### TRY IT
Your answer must consist of the records below, reproduced exactly, with every picture removed.
>>>
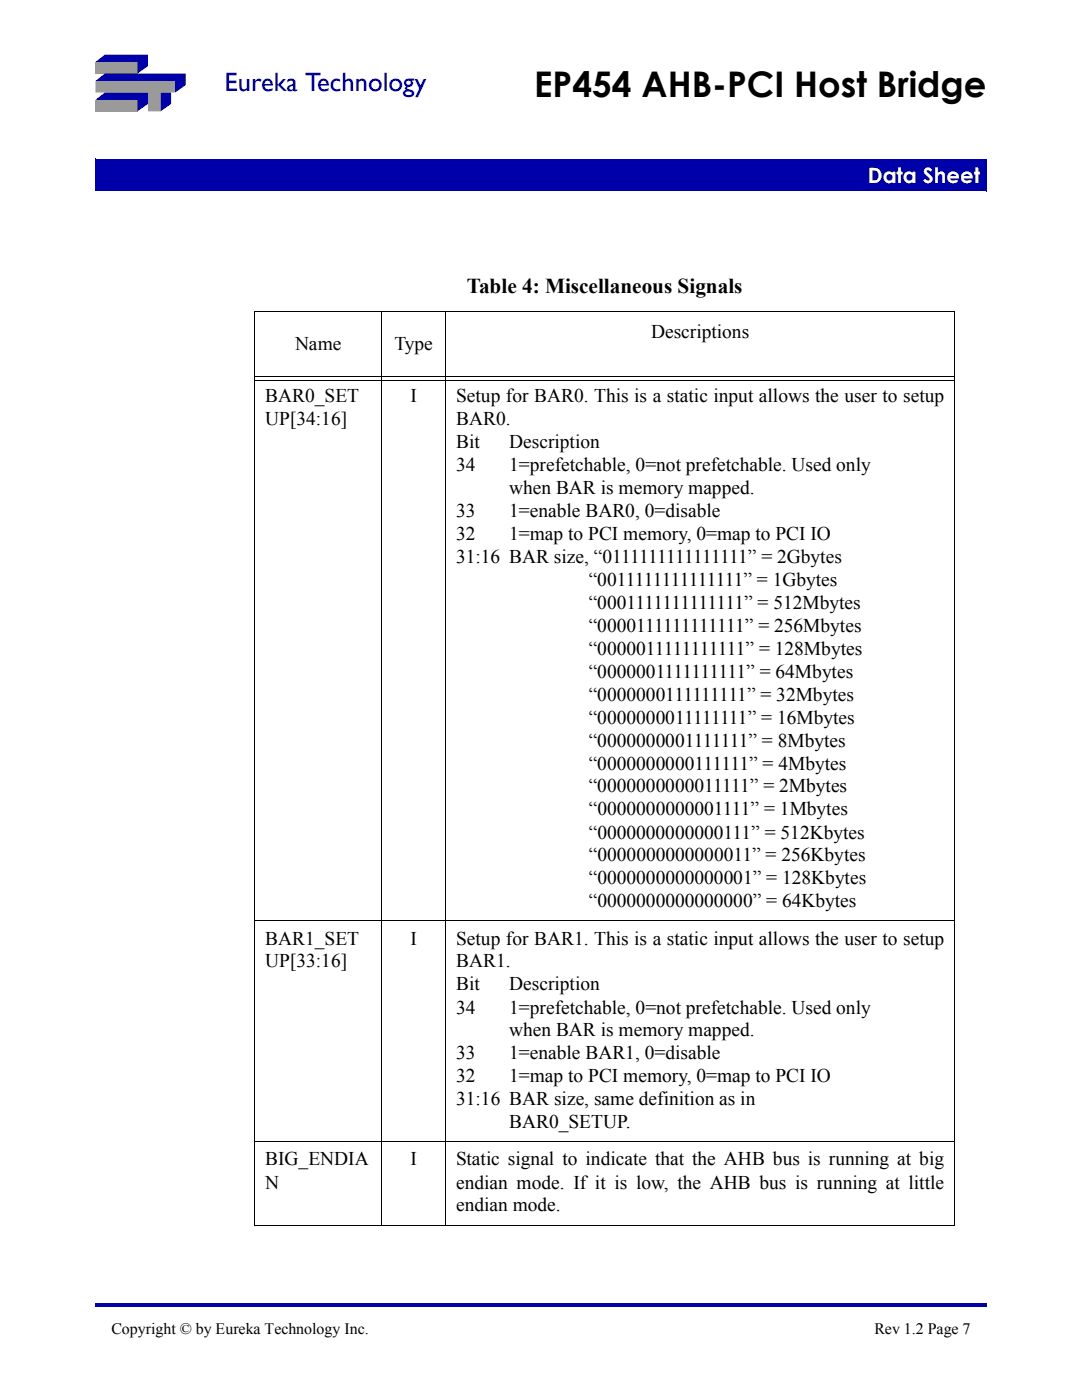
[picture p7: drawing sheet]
<svg xmlns="http://www.w3.org/2000/svg" width="216mm" height="279mm" viewBox="0 0 216 279" stroke-linecap="round" stroke-linejoin="round" font-family="sans-serif">
<defs><g id="words">
<text font-size="7" x="106.6" y="19.3">EP454 AHB-PCI Host Bridge</text>
<text font-size="5.3" fill="#00a" x="44.8" y="18.2">Eureka Technology</text>
<text font-size="4.2" fill="#fff" x="173.2" y="36.5">Data Sheet</text>
<text font-size="4.2" x="93.2" y="58.5">Table 4: Miscellaneous Signals</text>
<g font-size="3.9">
<text x="58.9" y="69.8">Name</text>
<text x="78.7" y="69.8">Type</text>
<text x="129.9" y="67.5">Descriptions</text>
<text x="52.9" y="80.2">BAR0_SET</text>
<text x="81.9" y="80.2">I</text>
<text x="91" y="80.2">Setup for BAR0. This is a static input allows the user to setup</text>
<text x="52.9" y="84.8">UP[34:16]</text>
<text x="91" y="84.8">BAR0.</text>
<text x="91" y="89.4">Bit</text>
<text x="101.6" y="89.4">Description</text>
<text x="91" y="94">34</text>
<text x="101.6" y="94">1=prefetchable, 0=not prefetchable. Used only</text>
<text x="101.6" y="98.5">when BAR is memory mapped.</text>
<text x="91" y="103.1">33</text>
<text x="91" y="107.7">32</text>
<text x="101.6" y="103.1">1=enable BAR0, 0=disable</text>
<text x="101.6" y="107.7">1=map to PCI memory, 0=map to PCI IO</text>
<text x="91" y="112.3">31:16 BAR size, “0111111111111111” = 2Gbytes</text>
<text x="117.5" y="116.9">“0011111111111111” = 1Gbytes</text>
<text x="117.5" y="121.5">“0001111111111111” = 512Mbytes</text>
<text x="117.5" y="126.1">“0000111111111111” = 256Mbytes</text>
<text x="117.5" y="130.6">“0000011111111111” = 128Mbytes</text>
<text x="117.5" y="135.2">“0000001111111111” = 64Mbytes</text>
<text x="117.5" y="139.8">“0000000111111111” = 32Mbytes</text>
<text x="117.5" y="144.4">“0000000011111111” = 16Mbytes</text>
<text x="117.5" y="149">“0000000001111111” = 8Mbytes</text>
<text x="117.5" y="153.6">“0000000000111111” = 4Mbytes</text>
<text x="117.5" y="158.2">“0000000000011111” = 2Mbytes</text>
<text x="117.5" y="162.8">“0000000000001111” = 1Mbytes</text>
<text x="117.5" y="167.3">“0000000000000111” = 512Kbytes</text>
<text x="117.5" y="171.9">“0000000000000011” = 256Kbytes</text>
<text x="117.5" y="176.5">“0000000000000001” = 128Kbytes</text>
<text x="117.5" y="181.1">“0000000000000000” = 64Kbytes</text>
<text x="52.9" y="188.5">BAR1_SET</text>
<text x="81.9" y="188.5">I</text>
<text x="91" y="188.5">Setup for BAR1. This is a static input allows the user to setup</text>
<text x="52.9" y="193.1">UP[33:16]</text>
<text x="91" y="193.1">BAR1.</text>
<text x="91" y="197.7">Bit</text>
<text x="101.6" y="197.7">Description</text>
<text x="91" y="202.3">34</text>
<text x="101.6" y="202.3">1=prefetchable, 0=not prefetchable. Used only</text>
<text x="101.6" y="206.8">when BAR is memory mapped.</text>
<text x="91" y="211.4">33</text>
<text x="101.6" y="211.4">1=enable BAR1, 0=disable</text>
<text x="91" y="216">32</text>
<text x="91" y="220.6">31:16 BAR size, same definition as in</text>
<text x="101.6" y="216">1=map to PCI memory, 0=map to PCI IO</text>
<text x="101.6" y="225.2">BAR0_SETUP.</text>
<text x="52.9" y="232.6">BIG_ENDIA</text>
<text x="81.9" y="232.6">I</text>
<text x="91" y="232.6">Static signal to indicate that the AHB bus is running at big</text>
<text x="52.9" y="237.2">N</text>
<text x="91" y="237.2">endian mode. If it is low, the AHB bus is running at little</text>
<text x="91" y="241.8">endian mode.</text>
</g>
<g font-size="3.2">
<text x="22.2" y="266.2">Copyright © by Eureka Technology Inc.</text>
<text x="174.5" y="266.2">Rev 1.2 Page 7</text>
</g>
</g></defs>
<path d="M19 260h177.8v.7h-177.8z" fill="#00a"/>
<path d="M97.2 14.6h99.6v14h-99.6z" fill="#fff"/>
<path d="M19 31.8h177.8v6.3h-177.8z" fill="#00a"/>
<path d="M19 38.1h177.8M19 31.7v6.4M19 31.8h177.9M196.8 31.8v6.4" fill="none" stroke="#00a" stroke-width=".2"/>
<g fill="#9a9a9a">
<path d="M19 12.4h8.4v2.3h-8.4z"/>
<path d="M19 19.9h8.4v2.3h-8.4z"/>
</g>
<path d="M19 16.2h16v2.3h-3v3.7h-2.5v-3.7h-10.5z" fill-rule="evenodd" fill="#9a9a9a"/>
<g fill="#00a">
<path d="M32 18.5h2.1v2.2l-2.1 1.5z"/>
<path d="M19 16.2l1.9-1.5h16.2v2.3l-2.1 1.5v-2.3z" fill-rule="evenodd"/>
<path d="M19 12.4l1.9-1.5h8.6v2.3l-2.1 1.5v-2.3z" fill-rule="evenodd"/>
<path d="M19 19.9l1.9-1.4h8.6v2.2l-2.1 1.5v-2.3z" fill-rule="evenodd"/>
</g>
<path d="M50.7 62.1h139.9M50.8 62.2v182.2M50.9 75.1h139.5M50.9 75.9h139.5M76.2 62v182.6M88.9 62v182.6M190.5 62.2v182.2M50.7 183.8h139.9M50.7 227.9h139.9M50.7 244.5h139.9" fill="none" stroke="#000" stroke-width=".2"/>
<use href="#words"/>
</svg>
<<<
### EXERCISE RESULT
[picture p7: drawing sheet]
<svg xmlns="http://www.w3.org/2000/svg" width="216mm" height="279mm" viewBox="0 0 216 279" stroke-linecap="round" stroke-linejoin="round" font-family="sans-serif">
<defs><g id="words">
<text font-size="7" x="106.6" y="19.3">EP454 AHB-PCI Host Bridge</text>
<text font-size="5.3" fill="#00a" x="44.8" y="18.2">Eureka Technology</text>
<text font-size="4.2" fill="#fff" x="173.2" y="36.5">Data Sheet</text>
<text font-size="4.2" x="93.2" y="58.5">Table 4: Miscellaneous Signals</text>
<g font-size="3.9">
<text x="58.9" y="69.8">Name</text>
<text x="78.7" y="69.8">Type</text>
<text x="129.9" y="67.5">Descriptions</text>
<text x="52.9" y="80.2">BAR0_SET</text>
<text x="81.9" y="80.2">I</text>
<text x="91" y="80.2">Setup for BAR0. This is a static input allows the user to setup</text>
<text x="52.9" y="84.8">UP[34:16]</text>
<text x="91" y="84.8">BAR0.</text>
<text x="91" y="89.4">Bit</text>
<text x="101.6" y="89.4">Description</text>
<text x="91" y="94">34</text>
<text x="101.6" y="94">1=prefetchable, 0=not prefetchable. Used only</text>
<text x="101.6" y="98.5">when BAR is memory mapped.</text>
<text x="91" y="103.1">33</text>
<text x="91" y="107.7">32</text>
<text x="101.6" y="103.1">1=enable BAR0, 0=disable</text>
<text x="101.6" y="107.7">1=map to PCI memory, 0=map to PCI IO</text>
<text x="91" y="112.3">31:16 BAR size, “0111111111111111” = 2Gbytes</text>
<text x="117.5" y="116.9">“0011111111111111” = 1Gbytes</text>
<text x="117.5" y="121.5">“0001111111111111” = 512Mbytes</text>
<text x="117.5" y="126.1">“0000111111111111” = 256Mbytes</text>
<text x="117.5" y="130.6">“0000011111111111” = 128Mbytes</text>
<text x="117.5" y="135.2">“0000001111111111” = 64Mbytes</text>
<text x="117.5" y="139.8">“0000000111111111” = 32Mbytes</text>
<text x="117.5" y="144.4">“0000000011111111” = 16Mbytes</text>
<text x="117.5" y="149">“0000000001111111” = 8Mbytes</text>
<text x="117.5" y="153.6">“0000000000111111” = 4Mbytes</text>
<text x="117.5" y="158.2">“0000000000011111” = 2Mbytes</text>
<text x="117.5" y="162.8">“0000000000001111” = 1Mbytes</text>
<text x="117.5" y="167.3">“0000000000000111” = 512Kbytes</text>
<text x="117.5" y="171.9">“0000000000000011” = 256Kbytes</text>
<text x="117.5" y="176.5">“0000000000000001” = 128Kbytes</text>
<text x="117.5" y="181.1">“0000000000000000” = 64Kbytes</text>
<text x="52.9" y="188.5">BAR1_SET</text>
<text x="81.9" y="188.5">I</text>
<text x="91" y="188.5">Setup for BAR1. This is a static input allows the user to setup</text>
<text x="52.9" y="193.1">UP[33:16]</text>
<text x="91" y="193.1">BAR1.</text>
<text x="91" y="197.7">Bit</text>
<text x="101.6" y="197.7">Description</text>
<text x="91" y="202.3">34</text>
<text x="101.6" y="202.3">1=prefetchable, 0=not prefetchable. Used only</text>
<text x="101.6" y="206.8">when BAR is memory mapped.</text>
<text x="91" y="211.4">33</text>
<text x="101.6" y="211.4">1=enable BAR1, 0=disable</text>
<text x="91" y="216">32</text>
<text x="91" y="220.6">31:16 BAR size, same definition as in</text>
<text x="101.6" y="216">1=map to PCI memory, 0=map to PCI IO</text>
<text x="101.6" y="225.2">BAR0_SETUP.</text>
<text x="52.9" y="232.6">BIG_ENDIA</text>
<text x="81.9" y="232.6">I</text>
<text x="91" y="232.6">Static signal to indicate that the AHB bus is running at big</text>
<text x="52.9" y="237.2">N</text>
<text x="91" y="237.2">endian mode. If it is low, the AHB bus is running at little</text>
<text x="91" y="241.8">endian mode.</text>
</g>
<g font-size="3.2">
<text x="22.2" y="266.2">Copyright © by Eureka Technology Inc.</text>
<text x="174.5" y="266.2">Rev 1.2 Page 7</text>
</g>
</g></defs>
<path d="M19 260h177.8v.7h-177.8z" fill="#00a"/>
<path d="M97.2 14.6h99.6v14h-99.6z" fill="#fff"/>
<path d="M19 31.8h177.8v6.3h-177.8z" fill="#00a"/>
<path d="M19 38.1h177.8M19 31.7v6.4M19 31.8h177.9M196.8 31.8v6.4" fill="none" stroke="#00a" stroke-width=".2"/>
<g fill="#9a9a9a">
<path d="M19 12.4h8.4v2.3h-8.4z"/>
<path d="M19 19.9h8.4v2.3h-8.4z"/>
</g>
<path d="M19 16.2h16v2.3h-3v3.7h-2.5v-3.7h-10.5z" fill-rule="evenodd" fill="#9a9a9a"/>
<g fill="#00a">
<path d="M32 18.5h2.1v2.2l-2.1 1.5z"/>
<path d="M19 16.2l1.9-1.5h16.2v2.3l-2.1 1.5v-2.3z" fill-rule="evenodd"/>
<path d="M19 12.4l1.9-1.5h8.6v2.3l-2.1 1.5v-2.3z" fill-rule="evenodd"/>
<path d="M19 19.9l1.9-1.4h8.6v2.2l-2.1 1.5v-2.3z" fill-rule="evenodd"/>
</g>
<path d="M50.7 62.1h139.9M50.8 62.2v182.2M50.9 75.1h139.5M50.9 75.9h139.5M76.2 62v182.6M88.9 62v182.6M190.5 62.2v182.2M50.7 183.8h139.9M50.7 227.9h139.9M50.7 244.5h139.9" fill="none" stroke="#000" stroke-width=".2"/>
<use href="#words"/>
</svg>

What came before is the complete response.